## TASK ITEM:
Your task is to return all of the entries below exactly, leaving out each picture.

Extracted records

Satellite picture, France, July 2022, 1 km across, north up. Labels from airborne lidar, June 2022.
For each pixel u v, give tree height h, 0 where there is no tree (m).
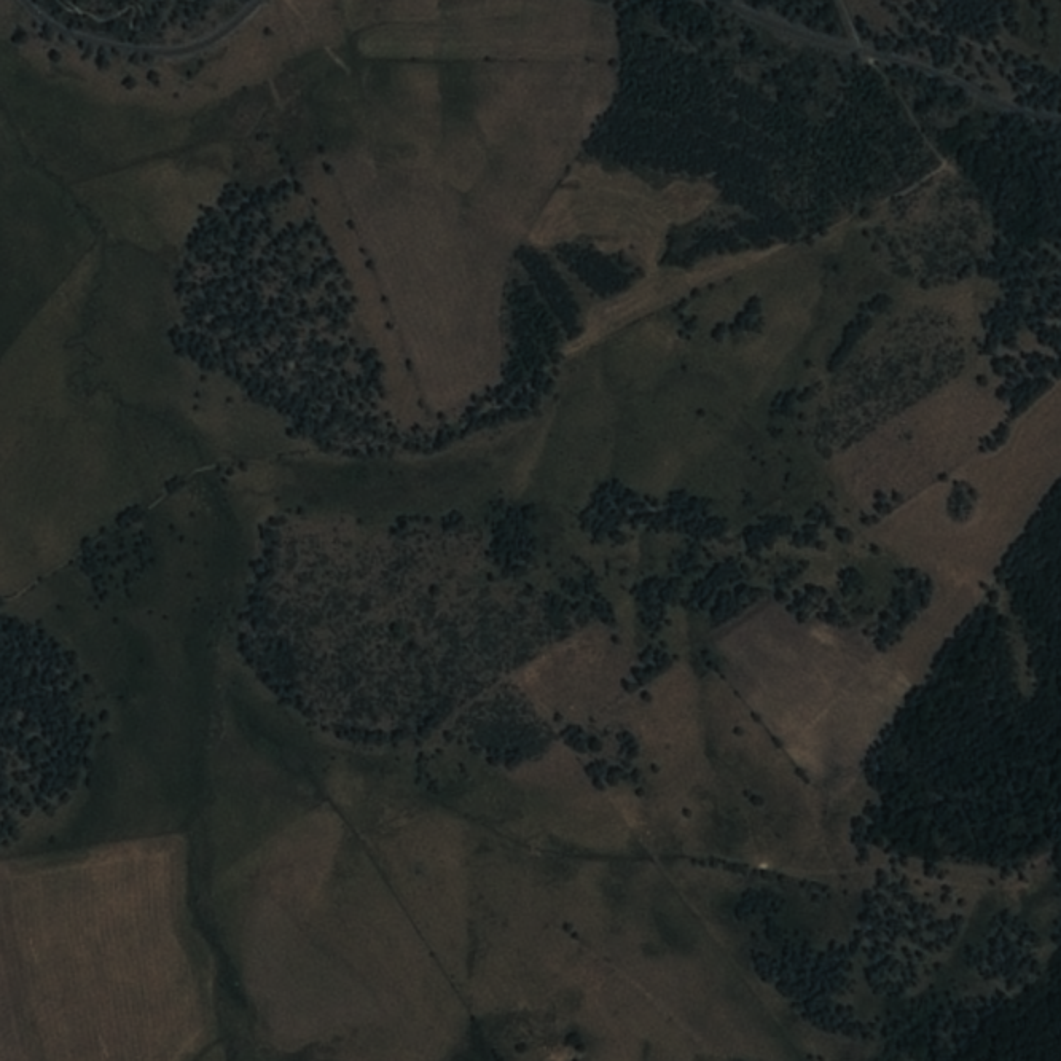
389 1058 0
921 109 13
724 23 7
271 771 0
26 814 8
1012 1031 8
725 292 0
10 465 0
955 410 0
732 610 12
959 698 7
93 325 0
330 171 13
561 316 7
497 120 0
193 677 0
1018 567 9
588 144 7
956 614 0
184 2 7
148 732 0
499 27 0
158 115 0
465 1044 0
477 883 0
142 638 0
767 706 0
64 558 0
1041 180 13
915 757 8
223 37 0
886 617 15
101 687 0
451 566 0
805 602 19
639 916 0
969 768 10
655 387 0
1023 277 9
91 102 0
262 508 0
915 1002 11
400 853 0
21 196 0
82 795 0
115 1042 0
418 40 0
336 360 7
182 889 0
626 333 0
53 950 0
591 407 0
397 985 0
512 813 0
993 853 13
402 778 0
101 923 0
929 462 0
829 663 0
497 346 0
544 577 0
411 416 0
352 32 0
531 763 0
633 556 0
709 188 0
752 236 7
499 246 0
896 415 0
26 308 0
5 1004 0
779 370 0
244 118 0
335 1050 0
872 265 0
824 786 0
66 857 0
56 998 0
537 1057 0
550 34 0
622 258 7
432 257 0
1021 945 12
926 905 9
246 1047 0
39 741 14
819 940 0
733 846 0
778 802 0
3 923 0
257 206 13
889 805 15
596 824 0
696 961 0
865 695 0
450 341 0
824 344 0
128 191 0
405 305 0
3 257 0
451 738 9
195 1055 0
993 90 13
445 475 0
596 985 0
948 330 0
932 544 0
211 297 12
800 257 0
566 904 0
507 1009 0
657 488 0
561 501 0
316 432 10
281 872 0
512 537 9
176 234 0
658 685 0
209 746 0
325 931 0
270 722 0
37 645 12
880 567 0
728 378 0
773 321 0
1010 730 15
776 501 0
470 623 0
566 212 0
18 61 0
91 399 0
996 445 13
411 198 0
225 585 0
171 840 0
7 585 0
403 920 0
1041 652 11
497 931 0
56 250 0
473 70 0
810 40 0
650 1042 0
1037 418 0
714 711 0
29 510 0
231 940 0
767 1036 0
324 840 0
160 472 0
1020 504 0
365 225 0
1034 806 20
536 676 0
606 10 0
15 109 0
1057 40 0
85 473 0
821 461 0
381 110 0
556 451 0
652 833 0
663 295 0
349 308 13
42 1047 0
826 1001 11

## RESPONSE AREA:
Satellite picture, France, July 2022, 1 km across, north up. Labels from airborne lidar, June 2022.
For each pixel u v, give tree height h, 0 where there is no tree (m).
389 1058 0
921 109 13
724 23 7
271 771 0
26 814 8
1012 1031 8
725 292 0
10 465 0
955 410 0
732 610 12
959 698 7
93 325 0
330 171 13
561 316 7
497 120 0
193 677 0
1018 567 9
588 144 7
956 614 0
184 2 7
148 732 0
499 27 0
158 115 0
465 1044 0
477 883 0
142 638 0
767 706 0
64 558 0
1041 180 13
915 757 8
223 37 0
886 617 15
101 687 0
451 566 0
805 602 19
639 916 0
969 768 10
655 387 0
1023 277 9
91 102 0
262 508 0
915 1002 11
400 853 0
21 196 0
82 795 0
115 1042 0
418 40 0
336 360 7
182 889 0
626 333 0
53 950 0
591 407 0
397 985 0
512 813 0
993 853 13
402 778 0
101 923 0
929 462 0
829 663 0
497 346 0
544 577 0
411 416 0
352 32 0
531 763 0
633 556 0
709 188 0
752 236 7
499 246 0
896 415 0
26 308 0
5 1004 0
779 370 0
244 118 0
335 1050 0
872 265 0
824 786 0
66 857 0
56 998 0
537 1057 0
550 34 0
622 258 7
432 257 0
1021 945 12
926 905 9
246 1047 0
39 741 14
819 940 0
733 846 0
778 802 0
3 923 0
257 206 13
889 805 15
596 824 0
696 961 0
865 695 0
450 341 0
824 344 0
128 191 0
405 305 0
3 257 0
451 738 9
195 1055 0
993 90 13
445 475 0
596 985 0
948 330 0
932 544 0
211 297 12
800 257 0
566 904 0
507 1009 0
657 488 0
561 501 0
316 432 10
281 872 0
512 537 9
176 234 0
658 685 0
209 746 0
325 931 0
270 722 0
37 645 12
880 567 0
728 378 0
773 321 0
1010 730 15
776 501 0
470 623 0
566 212 0
18 61 0
91 399 0
996 445 13
411 198 0
225 585 0
171 840 0
7 585 0
403 920 0
1041 652 11
497 931 0
56 250 0
473 70 0
810 40 0
650 1042 0
1037 418 0
714 711 0
29 510 0
231 940 0
767 1036 0
324 840 0
160 472 0
1020 504 0
365 225 0
1034 806 20
536 676 0
606 10 0
15 109 0
1057 40 0
85 473 0
821 461 0
381 110 0
556 451 0
652 833 0
663 295 0
349 308 13
42 1047 0
826 1001 11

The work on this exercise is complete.